The authors addressed all the comments from my previous review, and I believe the paper is now easier to follow thanks to the improvements in the definitions and the additional examples.
However, I recommend a revision considering the work recently accepted for publication by the same first author ("An Algebraic Foundation for Knowledge Graph Construction"), which presents another similar but different formalization of the KG construction process.
I believe this paper still represents a valid contribution, considering the implementation and evaluation of the proposed formalisation through the described tools. However, a comparison is necessary to justify the original contributions of this work (e.g., as part of the related work section) and outline the potential future work towards a single formalisation of the KG construction process.

Review #2
By Jose Emilio Labra-Gayo submitted on 27/Apr/2025
Suggestion:
Minor Revision
Review Comment:

Given that I have already done a review on the previous version, in this new review I can indicate that the authors addressed most of my comments and refer to my general assessment from the previous version.
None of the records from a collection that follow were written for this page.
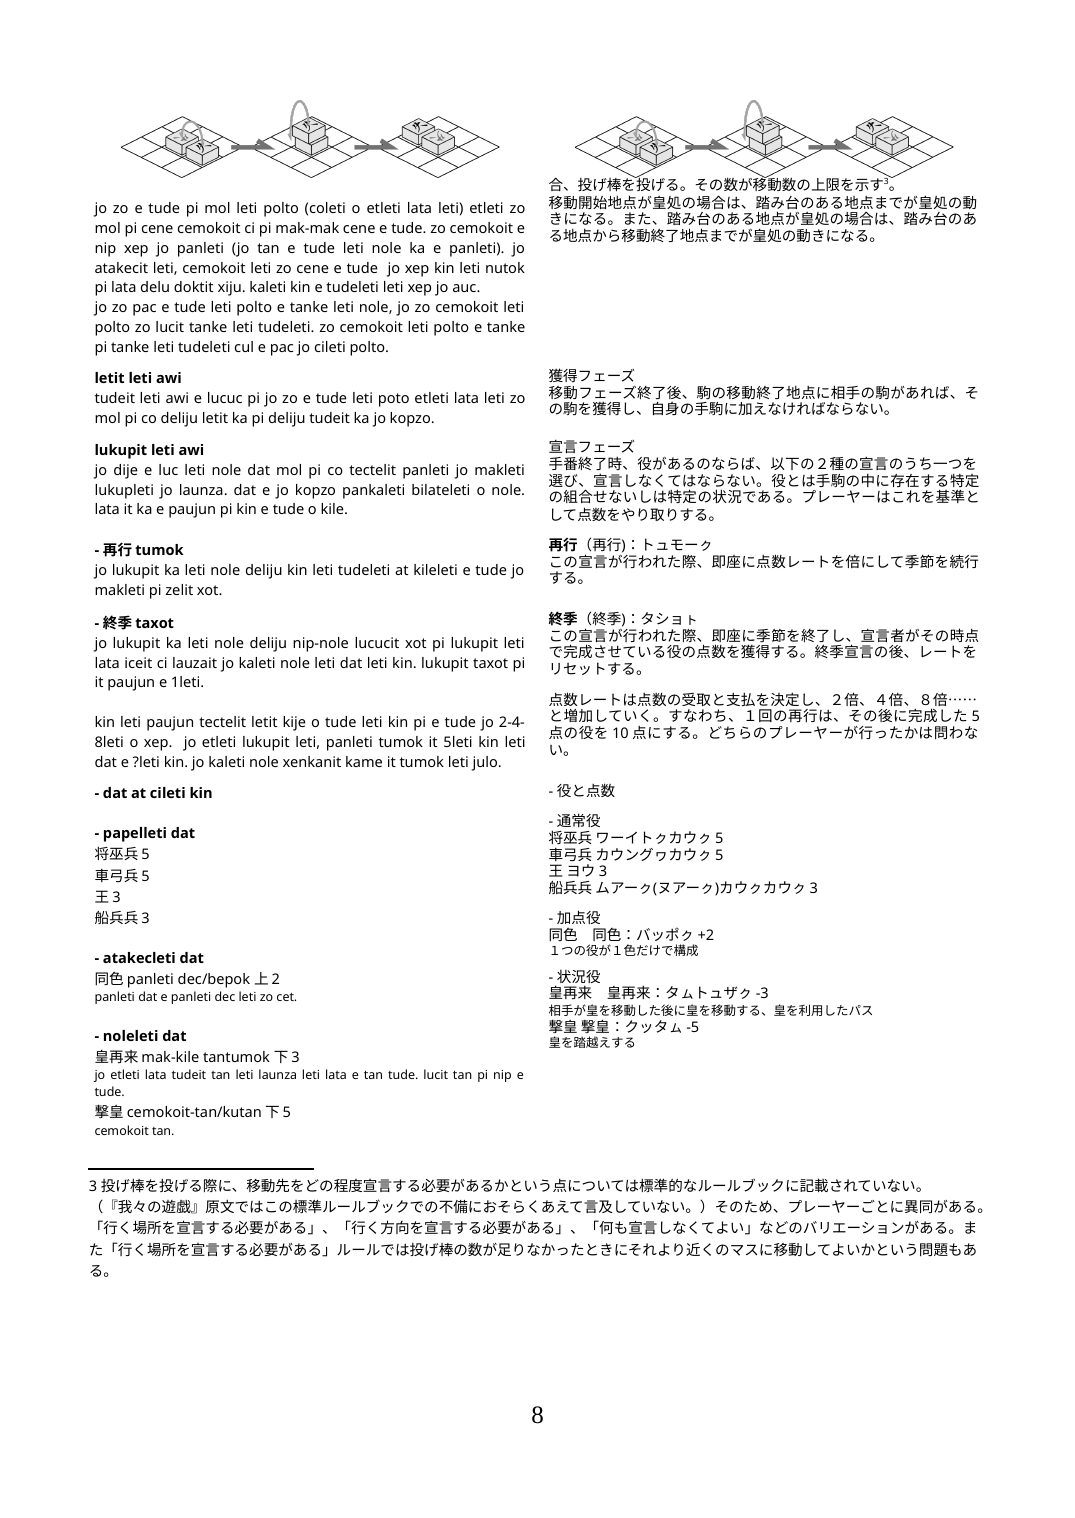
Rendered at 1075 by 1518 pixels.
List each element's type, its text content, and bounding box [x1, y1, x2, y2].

table_cell 宣言フェーズ 手番終了時、役があるのならば、以下の２種の宣言のうち一つを選び、宣言しなくてはならない。役とは手駒の中に存在する特定の組合せないしは特定の状況である。プレーヤーはこれを基準として点数をやり取りする。 再行（再⾏)：トュモーㇰ この宣言が行われた際、即座に点数レートを倍にして季節を続⾏する。 [543, 434, 985, 606]
table_cell [532, 606, 542, 777]
table_cell lukupit leti awi jo dije e luc leti nole dat mol pi co tectelit panleti jo makleti lukupleti jo launza. dat e jo kopzo pankaleti bilateleti o nole. lata it ka e paujun pi kin e tude o kile. - 再行 tumok jo lukupit ka leti nole deliju kin leti tudeleti at kileleti e tude jo makleti pi zelit xot. [89, 434, 531, 606]
table_cell letit leti awi tudeit leti awi e lucuc pi jo zo e tude leti poto etleti lata leti zo mol pi co deliju letit ka pi deliju tudeit ka jo kopzo. [89, 363, 531, 434]
table_cell [532, 89, 542, 363]
table_cell - dat at cileti kin - papelleti dat 将巫兵 5 車弓兵 5 王 3 船兵兵 3 - atakecleti dat 同色 panleti dec/bepok 上2 panleti dat e panleti dec leti zo cet. - noleleti dat 皇再来 mak-kile tantumok 下3 jo etleti lata tudeit tan leti launza leti lata e tan tude. lucit tan pi nip e tude. 撃皇 cemokoit-tan/kutan下5 cemokoit tan. [89, 778, 531, 1144]
table_cell [532, 434, 542, 606]
table_cell jo zo e tude pi mol leti polto (coleti o etleti lata leti) etleti zo mol pi cene cemokoit ci pi mak-mak cene e tude. zo cemokoit e nip xep jo panleti (jo tan e tude leti nole ka e panleti). jo atakecit leti, cemokoit leti zo cene e tude jo xep kin leti nutok pi lata delu doktit xiju. kaleti kin e tudeleti leti xep jo auc. jo zo pac e tude leti polto e tanke leti nole, jo zo cemokoit leti polto zo lucit tanke leti tudeleti. zo cemokoit leti polto e tanke pi tanke leti tudeleti cul e pac jo cileti polto. [89, 89, 531, 363]
table_cell [532, 363, 542, 434]
table_cell - 終季 taxot jo lukupit ka leti nole deliju nip-nole lucucit xot pi lukupit leti lata iceit ci lauzait jo kaleti nole leti dat leti kin. lukupit taxot pi it paujun e 1leti. kin leti paujun tectelit letit kije o tude leti kin pi e tude jo 2-4-8leti o xep. jo etleti lukupit leti, panleti tumok it 5leti kin leti dat e ?leti kin. jo kaleti nole xenkanit kame it tumok leti julo. [89, 606, 531, 777]
table_cell 合、投げ棒を投げる。その数が移動数の上限を示す。 移動開始地点が皇処の場合は、踏み台のある地点までが皇処の動きになる。また、踏み台のある地点が皇処の場合は、踏み台のある地点から移動終了地点までが皇処の動きになる。 [543, 89, 985, 363]
table_cell [532, 778, 542, 1144]
table_cell 獲得フェーズ 移動フェーズ終了後、駒の移動終了地点に相手の駒があれば、その駒を獲得し、自身の手駒に加えなければならない。 [543, 363, 985, 434]
table_cell 終季（終季)：タショㇳ この宣言が行われた際、即座に季節を終了し、宣言者がその時点で完成させている役の点数を獲得する。終季宣⾔の後、レートをリセットする。 点数レートは点数の受取と⽀払を決定し、２倍、４倍、８倍……と増加していく。すなわち、１回の再⾏は、その後に完成した5点の役を10点にする。どちらのプレーヤーが行ったかは問わない。 [543, 606, 985, 777]
table_cell - 役と点数 - 通常役 将巫兵 ワーイトㇰカウㇰ5 車弓兵 カウングヮカウㇰ5 王 ヨウ 3 船兵兵 ムアーㇰ(ヌアーㇰ)カウㇰカウㇰ3 - 加点役 同色 同色：バッポㇰ +2 １つの役が１色だけで構成 - 状況役 皇再来 皇再来：タㇺトュザㇰ -3 相手が皇を移動した後に皇を移動する、皇を利用したパス 撃皇 撃皇：クッタㇺ -5 皇を踏越えする [543, 778, 985, 1144]

I think the authors have improved the paper's readability and I have only some minor concerns:

I noticed that the first authors of the paper has recently published another paper in Arxiv which I think has been accepted to the ESWC: https://arxiv.org/abs/2503.10385 , however, that paper is not cited from the current paper. I assume the reason is that the other paper was written after this one. Nevertheless, as some of the contents are related, I think it would make sense to add a paragraph or some comparison between the Arxiv version and the current paper.
Definition 1 indicates that a fragment is a submultiset with a reference to 34…I think it would be more readable if it was described as a subset of a multiset or some concept which could be more familiar to a reader without having to look to a multiset theory external reference..
The example in Listing 1 has the age of Susan Sue with value 23 but in table 1 the age of Susan Sue is 25…although I understand that they could be based on different data, I think it would probably be better if that value was the same. I wonder also, if the JSON data could also include information about Alice Joe to make it compatible with table 1.
In example 2 the projection uses the variables { ?name, ?pet,name and ?pet.type } which are shown in table 3 with a different order ?name, ?pet.type and ?pet.name, maybe better if they are in the same order.